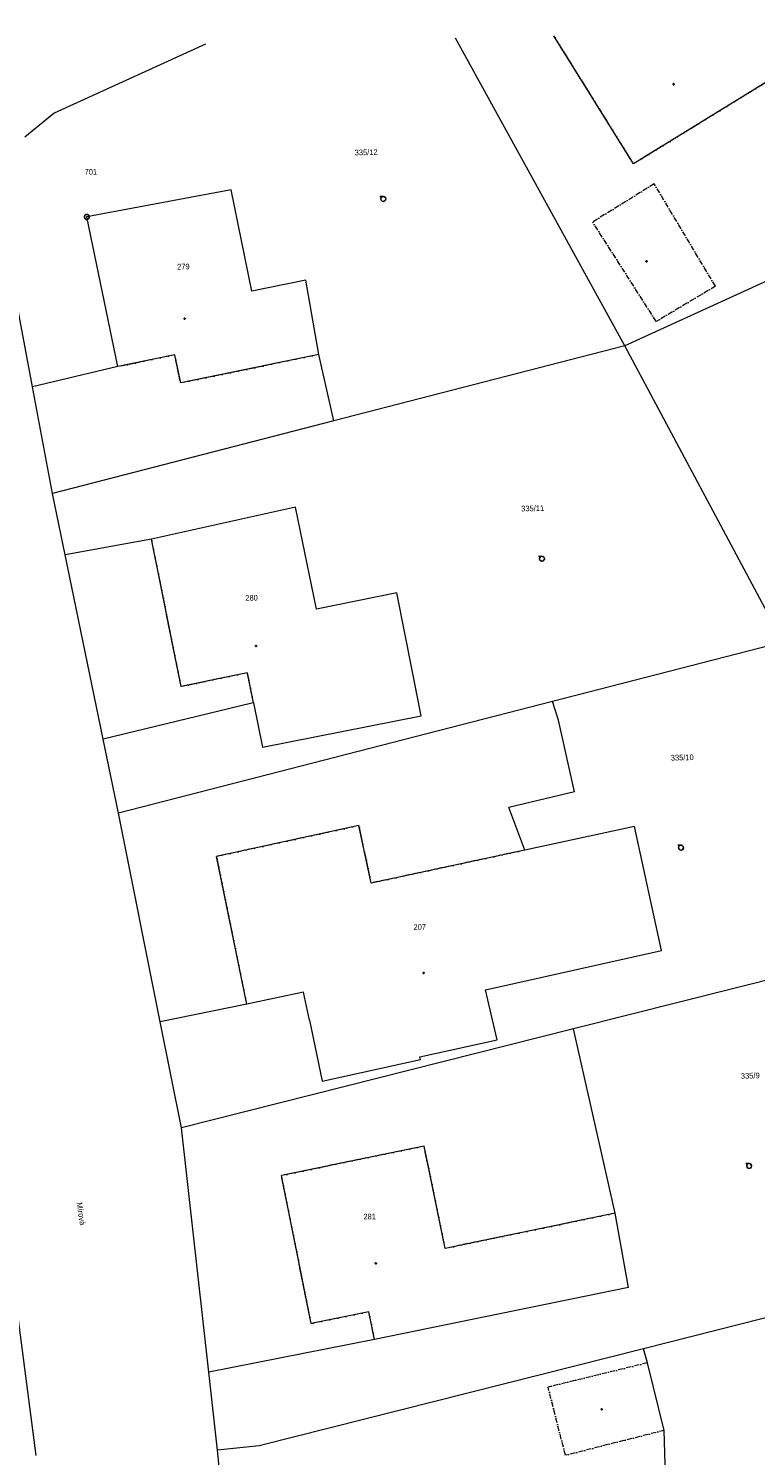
# Model space of a CAD drawing. Header units: millimetres. Extents: x -211955 to 157391, y -241491 to 94238.
# Tile 18 of 138: x -71143 to -27614, y 4866 to 90362. Entities that reach past the tile are written whole.
import ezdxf

# ---------------------------------------------------------------- set-up
doc = ezdxf.new("R2010")
doc.units = ezdxf.units.MM
doc.linetypes.add('Cerchovana_1', pattern=[500, 300, -100, 0, -100])
doc.layers.add('XR$1$PODKLAD_1', color=7, linetype='Continuous', lineweight=25)

# ---------------------------------------------------------------- blocks, each defined once
blk = doc.blocks.new('1$0100')
at = {"layer": 'XR$1$PODKLAD_1', "color": 7, "lineweight": 25}
blk.add_line((-50, 0), (50, 0), dxfattribs=at)
blk.add_lwpolyline([(190, 720), (530, 530), (720, 190), (720, -200), (530, -540), (190, -730), (-200, -730), (-540, -540), (-730, -200), (-730, 190), (-540, 530), (-200, 720), (190, 720)], close=True, dxfattribs=at)
blk = doc.blocks.new('3$0400')
at = {"layer": 'XR$1$PODKLAD_1', "color": 7, "lineweight": 25}
blk.add_lwpolyline([(0, 0), (-380, 100), (-650, 370), (-750, 740), (-650, 1110), (-380, 1380), (-10, 1480), (360, 1380), (630, 1110), (730, 730), (630, 350), (360, 80), (-20, -20), (980, -20)], dxfattribs=at)
blk = doc.blocks.new('4$0200')
at = {"layer": 'XR$1$PODKLAD_1', "color": 7, "lineweight": 25}
blk.add_lwpolyline([(90, 150), (180, 0), (90, -150), (-90, -150), (-180, 0), (-90, 150), (90, 150)], close=True, dxfattribs=at)
blk = doc.blocks.new('$280')
at = {"layer": 'XR$1$PODKLAD_1', "color": 7, "lineweight": 25}
blk.add_lwpolyline([(0, 170), (100, 150), (150, 60), (170, 0), (150, -90), (70, -160), (0, -170), (-90, -140), (-150, -80), (-170, 0), (-150, 90), (-70, 160), (0, 170)], close=True, dxfattribs=at)

msp = doc.modelspace()

# ---------------------------------------------------------------- linework, layer by layer
at = {"layer": 'XR$1$PODKLAD_1', "color": 126, "linetype": 'Continuous', "lineweight": 13}
for p, q in [((-35440.026, 71353.043), (-45581.283, 89781.823)), ((-34915.145, 82259.037), (-39683.028, 89925.333)), ((-21738.339, 90361.943), (-34915.145, 82259.037)), ((-60546.854, 89417.697), (-69609.281, 85296.046)), ((-69609.281, 85296.046), (-71374.939, 83862.674)), ((-12587.665, 81811.992), (-35440.026, 71353.043)), ((-59004.415, 80702.636), (-67657.304, 79071.683)), ((-59004.415, 80702.636), (-67657.304, 79071.683)), ((-57766.363, 74630.954), (-59004.415, 80702.636)), ((-57766.363, 74630.954), (-59004.415, 80702.636)), ((-70910.842, 68899.536), (-72921.075, 79573.798)), ((-65788.636, 70104.483), (-67657.304, 79071.683)), ((-65788.636, 70104.483), (-67657.304, 79071.683)), ((-54531.432, 75289.834), (-57766.363, 74630.954)), ((-54531.432, 75289.834), (-57766.363, 74630.954)), ((-53762.657, 70827.213), (-54531.432, 75289.834)), ((-53762.657, 70827.213), (-54531.432, 75289.834)), ((-35440.026, 71353.043), (-52865.599, 66847.856)), ((-25945.367, 53598.736), (-35440.026, 71353.043)), ((-62384.728, 70807.487), (-65788.636, 70104.483)), ((-62033.713, 69125.527), (-62384.728, 70807.487)), ((-53762.657, 70827.213), (-62033.713, 69125.527)), ((-52865.599, 66847.856), (-53762.657, 70827.213)), ((-65788.636, 70104.483), (-70910.842, 68899.536)), ((-69704.752, 62496.978), (-70910.842, 68899.536)), ((-52865.599, 66847.856), (-69704.752, 62496.978)), ((-68945.439, 58834.364), (-69704.752, 62496.978)), ((-55160.589, 61680.504), (-63776.677, 59770.364)), ((-55160.589, 61680.504), (-63776.677, 59770.364)), ((-53901.57, 55569.32), (-55160.589, 61680.504)), ((-53901.57, 55569.32), (-55160.589, 61680.504)), ((-63776.677, 59770.364), (-68945.439, 58834.364)), ((-62011.141, 50930.693), (-63776.677, 59770.364)), ((-66665.797, 47776.541), (-68945.439, 58834.364)), ((-49084.163, 56556.79), (-53901.57, 55569.32)), ((-49084.163, 56556.79), (-53901.57, 55569.32)), ((-25945.367, 53598.736), (-39772.929, 50041.346)), ((-58239.289, 51722.673), (-62011.141, 50930.693)), ((-57855.12, 49911.481), (-66665.797, 47776.541)), ((-39772.929, 50041.346), (-65748.04, 43357.557)), ((-57666.149, 49956.091), (-57855.12, 49911.481)), ((-39405.544, 48919.95), (-39772.929, 50041.346)), ((-38450.717, 44621.903), (-39405.544, 48919.95)), ((-65748.04, 43357.557), (-66665.797, 47776.541)), ((-38450.717, 44621.903), (-42389.113, 43685.83)), ((-41416.871, 41138.725), (-42389.113, 43685.83)), ((-63253.182, 30854.542), (-65748.04, 43357.557)), ((-51355.535, 42607.414), (-59883.109, 40759.445)), ((-50621.567, 39164.248), (-51355.535, 42607.414)), ((-34849.228, 42548.891), (-41416.871, 41138.725)), ((-34849.228, 42548.891), (-41416.871, 41138.725)), ((-41416.871, 41138.725), (-50621.567, 39164.248)), ((-58077.098, 31900.753), (-59883.109, 40759.445)), ((-22469.242, 34477.63), (-38515.442, 30426.129)), ((-54673.677, 32623.751), (-58077.098, 31900.753)), ((-54673.677, 32623.751), (-58077.098, 31900.753)), ((-54312.665, 30942.035), (-54673.677, 32623.751)), ((-54312.665, 30942.035), (-54673.677, 32623.751)), ((-58077.098, 31900.753), (-63253.182, 30854.542)), ((-61988.082, 24493.432), (-63253.182, 30854.542)), ((-38515.442, 30426.129), (-61988.082, 24493.432)), ((-36006.112, 19383.898), (-38515.442, 30426.129)), ((-70692.999, 4855.886), (-73792.617, 28647.531)), ((-60351.632, 9858.907), (-61988.082, 24493.432)), ((-47457.346, 23406.552), (-55996.862, 21638.316)), ((-46187.843, 17275.617), (-47457.346, 23406.552)), ((-54220.6, 12768.897), (-55996.862, 21638.316)), ((-36006.112, 19383.898), (-46187.843, 17275.617)), ((-35217.586, 14931.761), (-36006.112, 19383.898)), ((-35217.586, 14931.761), (-36006.112, 19383.898)), ((-35217.586, 14931.761), (-50436.415, 11820.662)), ((-35217.586, 14931.761), (-50436.415, 11820.662)), ((-18798.796, 15181.2), (-34327.825, 11252.314)), ((-50766.707, 13473.117), (-54220.6, 12768.897)), ((-50436.415, 11820.662), (-50766.707, 13473.117)), ((-50436.415, 11820.662), (-60351.632, 9858.907)), ((-34327.825, 11252.314), (-57323.282, 5441.26)), ((-34087.458, 10417.914), (-34327.825, 11252.314)), ((-33078.73, 6371.253), (-34087.458, 10417.914)), ((-59827.918, 5190.264), (-60351.632, 9858.907)), ((-32857.822, -1885.817), (-33078.73, 6371.253)), ((-57323.282, 5441.26), (-59827.918, 5190.264)), ((-58389.682, -9108.983), (-59827.918, 5190.264))]:
    msp.add_line(p, q, dxfattribs=at)
at = {"layer": 'XR$1$PODKLAD_1', "color": 126, "linetype": 'Cerchovana_1', "lineweight": 13}
for p, q in [((-34915.145, 82259.037), (-39683.028, 89925.333)), ((-21738.339, 90361.943), (-34915.145, 82259.037)), ((-33675.585, 81058.832), (-37360.966, 78768.513)), ((-30015.33, 74926.049), (-33675.585, 81058.832)), ((-33554.891, 72809.327), (-37360.966, 78768.513)), ((-30015.33, 74926.049), (-33554.891, 72809.327)), ((-62384.728, 70807.487), (-65788.636, 70104.483)), ((-62033.713, 69125.527), (-62384.728, 70807.487)), ((-53762.657, 70827.213), (-62033.713, 69125.527)), ((-62011.141, 50930.693), (-63776.677, 59770.364)), ((-58239.289, 51722.673), (-62011.141, 50930.693)), ((-51355.535, 42607.414), (-59883.109, 40759.445)), ((-50621.567, 39164.248), (-51355.535, 42607.414)), ((-41416.871, 41138.725), (-50621.567, 39164.248)), ((-58077.098, 31900.753), (-59883.109, 40759.445)), ((-47457.346, 23406.552), (-55996.862, 21638.316)), ((-46187.843, 17275.617), (-47457.346, 23406.552)), ((-54220.6, 12768.897), (-55996.862, 21638.316)), ((-36006.112, 19383.898), (-46187.843, 17275.617)), ((-50766.707, 13473.117), (-54220.6, 12768.897)), ((-50436.415, 11820.662), (-50766.707, 13473.117)), ((-34087.458, 10417.914), (-40033.825, 8962.846)), ((-38994.133, 4876.926), (-40033.825, 8962.846)), ((-33078.73, 6371.253), (-38994.133, 4876.926))]:
    msp.add_line(p, q, dxfattribs=at)
at = {"layer": 'XR$1$PODKLAD_1', "color": 126, "linetype": 'Continuous', "lineweight": 13}
for points in [[(-57666.149, 49956.091), (-57131.587, 47308.31), (-47634.544, 49189.87), (-48171.052, 51917.627), (-49084.163, 56556.79)], [(-57666.149, 49956.091), (-57131.587, 47308.31), (-47634.544, 49189.87), (-48171.052, 51917.627), (-49084.163, 56556.79)], [(-57666.149, 49956.091), (-58030.08, 51757.772), (-58239.289, 51722.673)], [(-54312.665, 30942.035), (-53553.595, 27289.417), (-47673.316, 28582.83), (-47707.442, 28752.05), (-43070.955, 29775.129), (-43773.74, 32758.918), (-33248.193, 35125.638), (-34849.228, 42548.891)], [(-54312.665, 30942.035), (-53553.595, 27289.417), (-47673.316, 28582.83), (-47707.442, 28752.05), (-43070.955, 29775.129), (-43773.74, 32758.918), (-33248.193, 35125.638), (-34849.228, 42548.891)]]:
    msp.add_lwpolyline(points, dxfattribs=at)
at = {"layer": 'XR$1$PODKLAD_1', "color": 126, "linetype": 'Cerchovana_1', "lineweight": 13}
msp.add_lwpolyline([(-57666.149, 49956.091), (-58030.08, 51757.772), (-58239.289, 51722.673)], dxfattribs=at)

# ---------------------------------------------------------------- block references
at = {"layer": 'XR$1$PODKLAD_1', "color": 7, "linetype": 'Continuous', "lineweight": 25, "xscale": 0.2, "yscale": 0.2, "rotation": 181.3937829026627}
for name, p in [('$280', (-32520.452, 87028.696)), ('3$0400', (-49902.024, 80303.922)), ('1$0100', (-67657.304, 79071.683)), ('4$0200', (-34132.554, 76406.341)), ('$280', (-61797.457, 72982.415)), ('3$0400', (-40404.664, 58738.553)), ('$280', (-57519.161, 53370.676)), ('3$0400', (-32071.096, 41426.134)), ('$280', (-47489.648, 33778.835)), ('3$0400', (-27996.122, 22359.611)), ('$280', (-50347.147, 16374.18)), ('4$0200', (-36820.469, 7630.612))]:
    msp.add_blockref(name, p, dxfattribs=at)

# ---------------------------------------------------------------- texts
at = {"layer": 'XR$1$PODKLAD_1', "color": 126, "linetype": 'Continuous', "lineweight": 35, "char_height": 340}
for s, insert, width, attachment_point, rotation in [('\\W0.91;335/12', (-50922.37, 82772.5), 1825.81671, 8, 1.3937829), ('\\W0.91;701', (-67036.648, 81780.248), 941.16797, 6, 1.3937829), ('\\W0.91;279', (-61869.033, 75924.211), 941.16797, 8, 1.3937829), ('\\W0.91;335/11', (-40950.504, 61438.741), 1825.81671, 8, 1.3937829), ('\\W0.91;280', (-57785.084, 56077.676), 941.16797, 8, 1.3937829), ('\\W0.91;335/10', (-31994.785, 46512.161), 1825.81671, 8, 1.3937829), ('\\W0.91;207', (-47712.42, 36356.846), 941.16797, 8, 1.3937829), ('\\W0.91;335/9', (-27919.811, 27445.639), 1530.9338, 8, 1.3937829), ('\\W0.91;Mírová', (-68280.623, 19999.044), 1825.81671, 7, 279.0257829), ('\\W0.91;281', (-50711.338, 19008.768), 941.16797, 8, 1.3937829)]:
    msp.add_mtext(s, dxfattribs=dict(at, insert=insert, width=width, attachment_point=attachment_point, rotation=rotation))

doc.saveas('drawing.dxf')
====
_About this exercise_
Copy out all lines of the material containing the word "close".

_Written response_
blk.add_lwpolyline([(190, 720), (530, 530), (720, 190), (720, -200), (530, -540), (190, -730), (-200, -730), (-540, -540), (-730, -200), (-730, 190), (-540, 530), (-200, 720), (190, 720)], close=True, dxfattribs=at)
blk.add_lwpolyline([(90, 150), (180, 0), (90, -150), (-90, -150), (-180, 0), (-90, 150), (90, 150)], close=True, dxfattribs=at)
blk.add_lwpolyline([(0, 170), (100, 150), (150, 60), (170, 0), (150, -90), (70, -160), (0, -170), (-90, -140), (-150, -80), (-170, 0), (-150, 90), (-70, 160), (0, 170)], close=True, dxfattribs=at)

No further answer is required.